ACE: Activates electrolyte balance and systemic blood pressure. Helps provide optimal muscle efficiency in all sports. It is also a stimulator of heart muscle enlargement. Variation is associated with increased strength gain in response to exercise.

ACTN3: Encodes the protein that helps to anchor actin filaments in the muscle and is involved in fast-twitch movements. Plays a key role in power, sprint and endurance. Variation is associated with differences in fast-twitch muscle fiber.

ADRB3: Signals your adipose tissues to break down stored fats for consumption. Improves cardiac function, present in skeletal muscle. Variation is associated with elite athletic performance.

AGT: Encodes angiotensin proteins involved in constriction of blood vessels and increased blood pressure in response to exercise.

HIF1A: Activates genes involved in energy metabolism, angiogenesis, apoptosis, oxygen delivery, and metabolic adaptation to hypoxia. The common genotype is associated with higher changes in VO2 max following training. Whereas variation is associated with an increased proportion of fast-twitch muscle fibers and improved glucose metabolism including a lower risk of type 2 diabetes.

IL6: Regulates the body’s response to exercise, including processes that recruit stored energy in fat and muscle tissue for quick use to assist in muscle recovery processes.

NOS3: Regulates nitric oxide abundance, influencing muscle vascular tone and blood supply to working muscles.
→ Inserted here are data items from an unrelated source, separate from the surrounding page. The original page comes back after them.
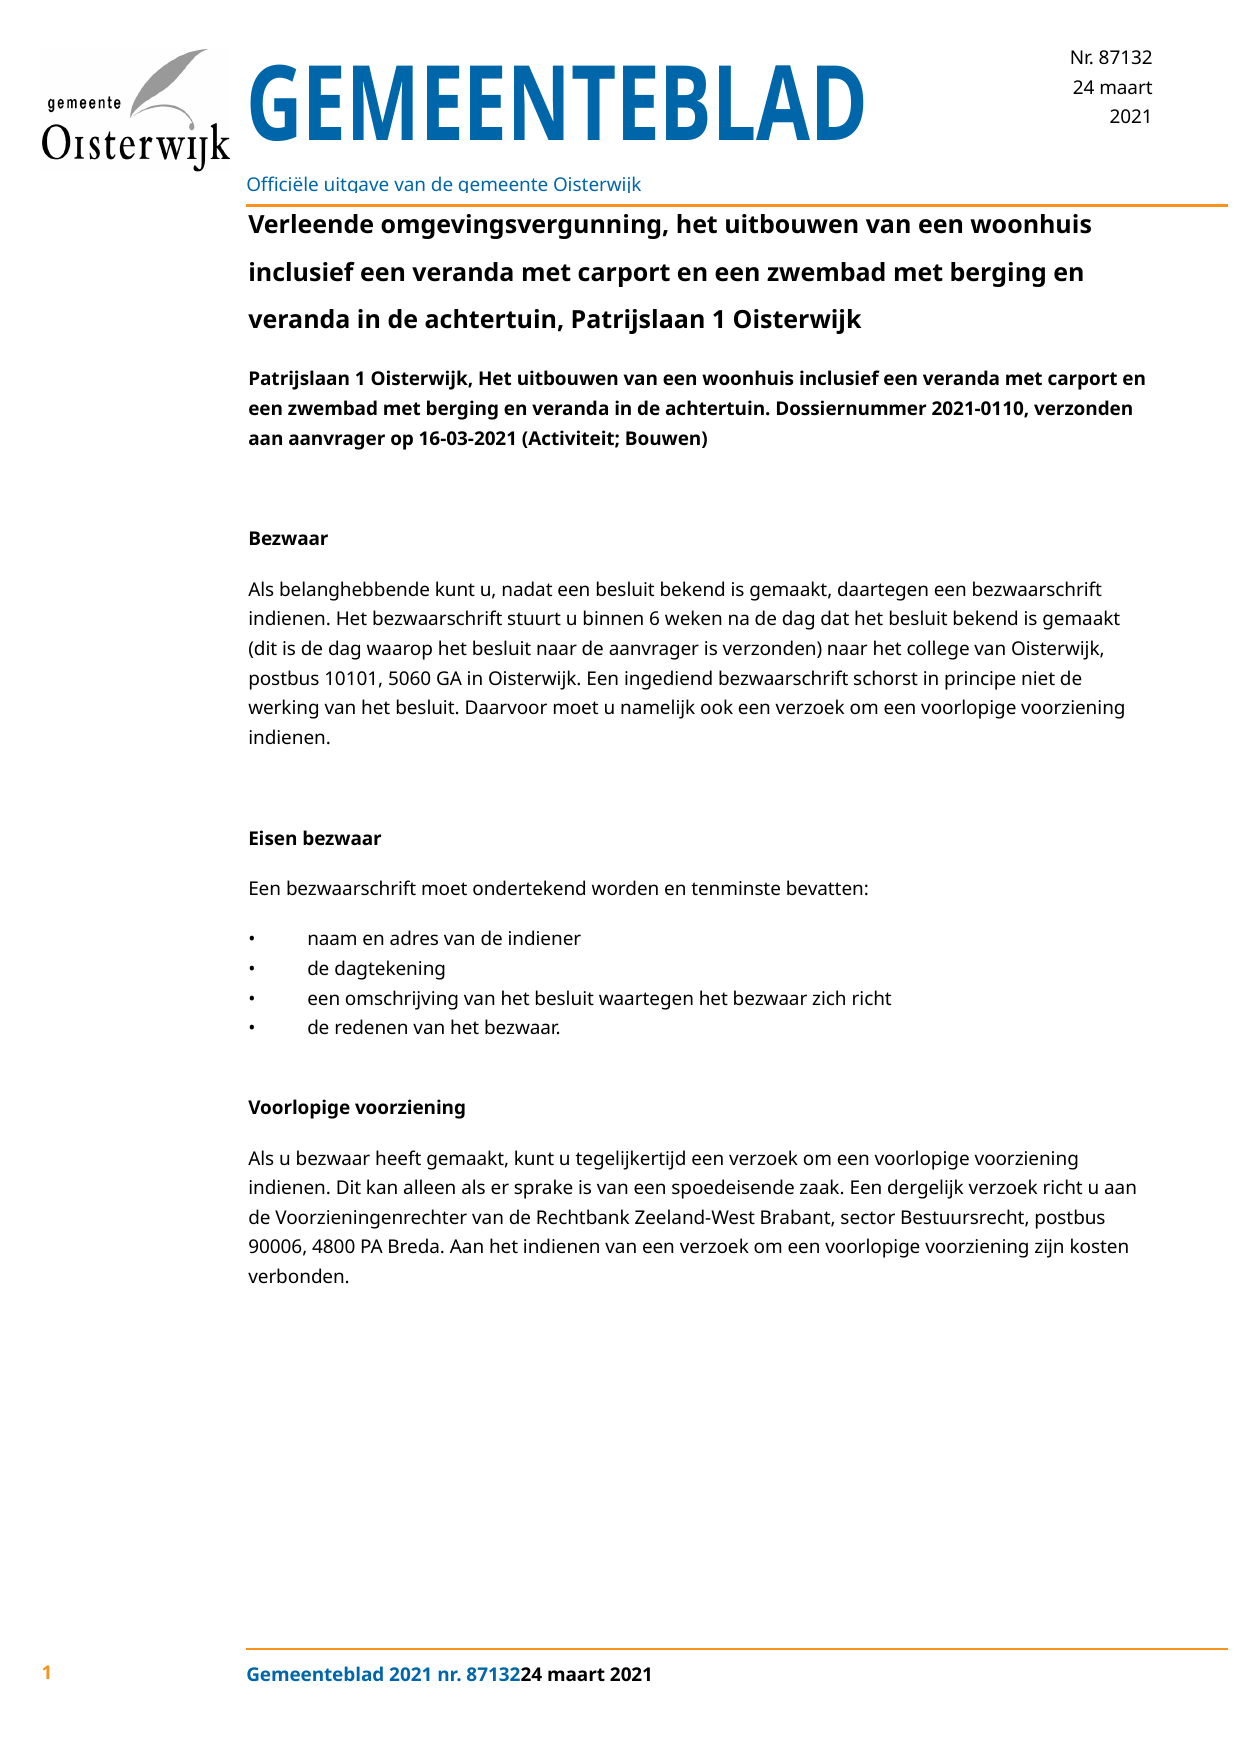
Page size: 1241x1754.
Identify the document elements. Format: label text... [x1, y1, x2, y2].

text Voorlopige voorziening [248, 1094, 1152, 1120]
text Een bezwaarschrift moet ondertekend worden en tenminste bevatten: [248, 875, 1152, 901]
text Patrijslaan 1 Oisterwijk, Het uitbouwen van een woonhuis inclusief een veranda met carport en een zwembad met berging en veranda in de achtertuin. Dossiernummer 2021-0110, verzonden aan aanvrager op 16-03-2021 (Activiteit; Bouwen) [248, 366, 1152, 450]
picture [41, 47, 231, 172]
list de dagtekening [248, 955, 1152, 981]
list de redenen van het bezwaar. [248, 1014, 1152, 1040]
text Eisen bezwaar [248, 825, 1152, 850]
text Als belanghebbende kunt u, nadat een besluit bekend is gemaakt, daartegen een bezwaarschrift indienen. Het bezwaarschrift stuurt u binnen 6 weken na de dag dat het besluit bekend is gemaakt (dit is de dag waarop het besluit naar de aanvrager is verzonden) naar het college van Oisterwijk, postbus 10101, 5060 GA in Oisterwijk. Een ingediend bezwaarschrift schorst in principe niet de werking van het besluit. Daarvoor moet u namelijk ook een verzoek om een voorlopige voorziening indienen. [248, 576, 1152, 749]
text Verleende omgevingsvergunning, het uitbouwen van een woonhuis inclusief een veranda met carport en een zwembad met berging en veranda in de achtertuin, Patrijslaan 1 Oisterwijk [248, 207, 1152, 336]
text Als u bezwaar heeft gemaakt, kunt u tegelijkertijd een verzoek om een voorlopige voorziening indienen. Dit kan alleen als er sprake is van een spoedeisende zaak. Een dergelijk verzoek richt u aan de Voorzieningenrechter van de Rechtbank Zeeland-West Brabant, sector Bestuursrecht, postbus 90006, 4800 PA Breda. Aan het indienen van een verzoek om een voorlopige voorziening zijn kosten verbonden. [248, 1145, 1152, 1289]
list een omschrijving van het besluit waartegen het bezwaar zich richt [248, 985, 1152, 1010]
text Bezwaar [248, 526, 1152, 551]
list naam en adres van de indiener [248, 926, 1152, 951]
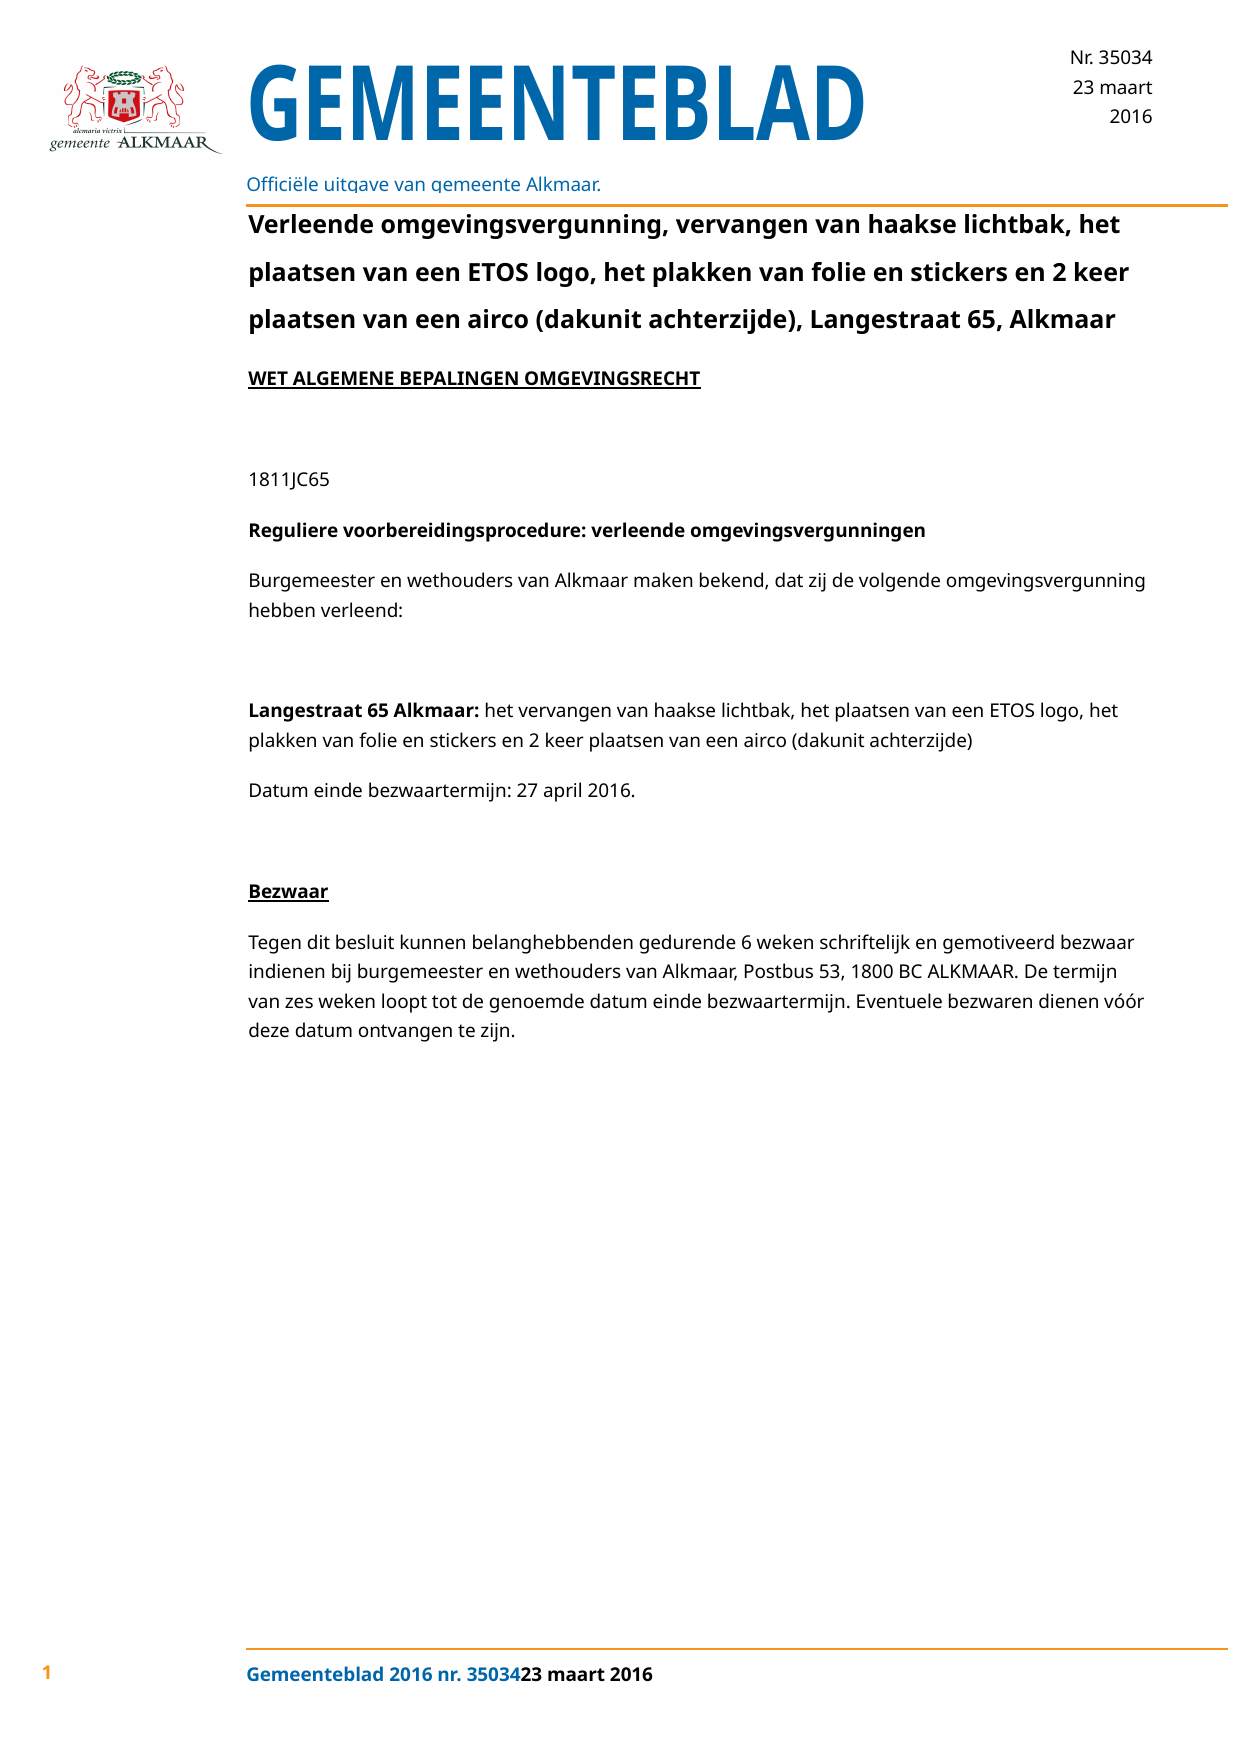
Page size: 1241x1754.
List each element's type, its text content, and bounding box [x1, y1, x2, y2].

text Datum einde bezwaartermijn: 27 april 2016. [248, 778, 1152, 803]
picture [41, 47, 231, 172]
text Reguliere voorbereidingsprocedure: verleende omgevingsvergunningen [248, 517, 1152, 542]
text Tegen dit besluit kunnen belanghebbenden gedurende 6 weken schriftelijk en gemotiveerd bezwaar indienen bij burgemeester en wethouders van Alkmaar, Postbus 53, 1800 BC ALKMAAR. De termijn van zes weken loopt tot de genoemde datum einde bezwaartermijn. Eventuele bezwaren dienen vóór deze datum ontvangen te zijn. [248, 929, 1152, 1043]
text WET ALGEMENE BEPALINGEN OMGEVINGSRECHT [248, 366, 1152, 391]
text Verleende omgevingsvergunning, vervangen van haakse lichtbak, het plaatsen van een ETOS logo, het plakken van folie en stickers en 2 keer plaatsen van een airco (dakunit achterzijde), Langestraat 65, Alkmaar [248, 207, 1152, 336]
text Bezwaar [248, 878, 1152, 904]
text 1811JC65 [248, 466, 1152, 492]
text Langestraat 65 Alkmaar: het vervangen van haakse lichtbak, het plaatsen van een ETOS logo, het plakken van folie en stickers en 2 keer plaatsen van een airco (dakunit achterzijde) [248, 698, 1152, 753]
text Burgemeester en wethouders van Alkmaar maken bekend, dat zij de volgende omgevingsvergunning hebben verleend: [248, 567, 1152, 622]
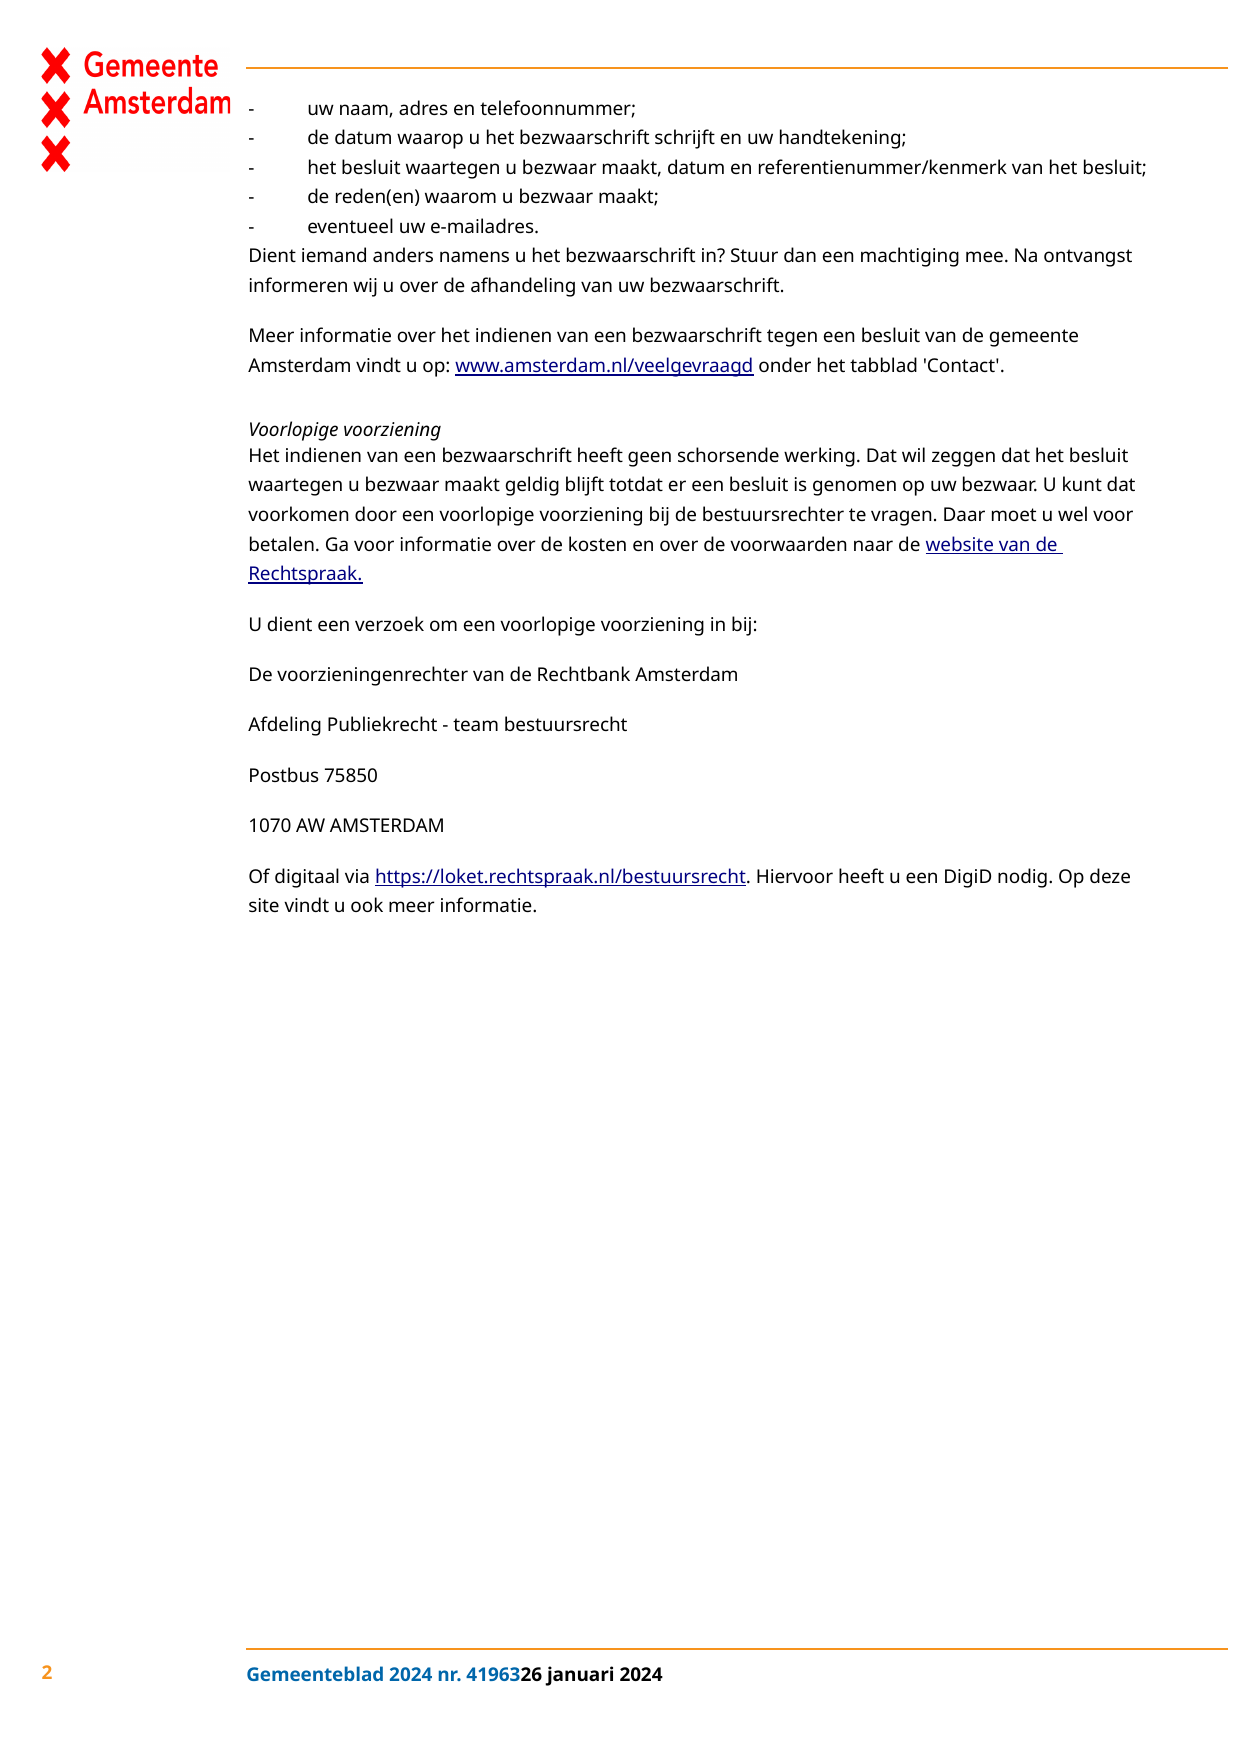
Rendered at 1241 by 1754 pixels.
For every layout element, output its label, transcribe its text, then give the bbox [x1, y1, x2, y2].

list uw naam, adres en telefoonnummer; [248, 95, 1152, 121]
text Voorlopige voorziening [248, 416, 1152, 442]
text U dient een verzoek om een voorlopige voorziening in bij: [248, 611, 1152, 636]
text Afdeling Publiekrecht - team bestuursrecht [248, 712, 1152, 737]
list de reden(en) waarom u bezwaar maakt; [248, 183, 1152, 209]
text Postbus 75850 [248, 762, 1152, 788]
text Dient iemand anders namens u het bezwaarschrift in? Stuur dan een machtiging mee. Na ontvangst informeren wij u over de afhandeling van uw bezwaarschrift. [248, 243, 1152, 298]
text Meer informatie over het indienen van een bezwaarschrift tegen een besluit van de gemeente Amsterdam vindt u op: www.amsterdam.nl/veelgevraagd onder het tabblad 'Contact'. [248, 323, 1152, 378]
list de datum waarop u het bezwaarschrift schrijft en uw handtekening; [248, 124, 1152, 150]
picture [41, 47, 231, 172]
text De voorzieningenrechter van de Rechtbank Amsterdam [248, 661, 1152, 687]
text Het indienen van een bezwaarschrift heeft geen schorsende werking. Dat wil zeggen dat het besluit waartegen u bezwaar maakt geldig blijft totdat er een besluit is genomen op uw bezwaar. U kunt dat voorkomen door een voorlopige voorziening bij de bestuursrechter te vragen. Daar moet u wel voor betalen. Ga voor informatie over de kosten en over de voorwaarden naar de website van de Rechtspraak. [248, 442, 1152, 586]
list het besluit waartegen u bezwaar maakt, datum en referentienummer/kenmerk van het besluit; [248, 154, 1152, 180]
list eventueel uw e-mailadres. [248, 213, 1152, 239]
text Of digitaal via https://loket.rechtspraak.nl/bestuursrecht. Hiervoor heeft u een DigiD nodig. Op deze site vindt u ook meer informatie. [248, 863, 1152, 918]
text 1070 AW AMSTERDAM [248, 812, 1152, 838]

VDR: Effects on bone and skeletal muscle biology.

Muscle fiber type

The ability to perform aerobic or anaerobic exercise varies widely among individuals, partially depending on their muscle-fiber composition. In untrained individuals, the proportion of slow-twitch (type I) fibers in the vastus lateralis muscle is typically around 50% (with a range from 5–90%). It has been suggested that the genetic, inherited, component for the observed variability in the proportion of type I fibers in human muscles is about 50%, and that the other 50% is influenced by environmental factors, for example training and use. 

In humans, two genes encode for skeletal muscle α-actinins: ACTN2, which is expressed in all skeletal muscle fibers and ACTN3, whose expression is limited to fast-twitch muscle fibers. Interestingly, in European Caucasian populations ∼18% of individuals are fully ACTN3 protein deficient due to carrying two variant copies of the ACTN3 gene. It is believed that ACTN2 and ACTN3 are structurally similar enough that ACTN2 is able to compensate for the lack of ACTN3. This deficiency does not result in a disease or muscular functional impairment. However, there is a positive association between the presence of the fully functioning version of the gene and the capacity to perform high power muscle contractions. Individuals who are ACTN3 deficient can may need to work harder to achieve high power muscle contractions.

Simoneau, J.‐A., Bouchard, C. (1995). Genetic determinism of fiber type pro‐portion in human skeletal muscle. FASEB J. 9, 1091‐1095.

Vincent, Barbara, De Bock, Katrien, Ramaekers, Monique, Van den Eede, Els, Van Leemputte, Marc, Hespel, Peter, & Thomis, Martine A. (2007). ACTN3 (R577X) genotype is associated with fiber type distribution. Physiological Genomics, 32(1), 58-63.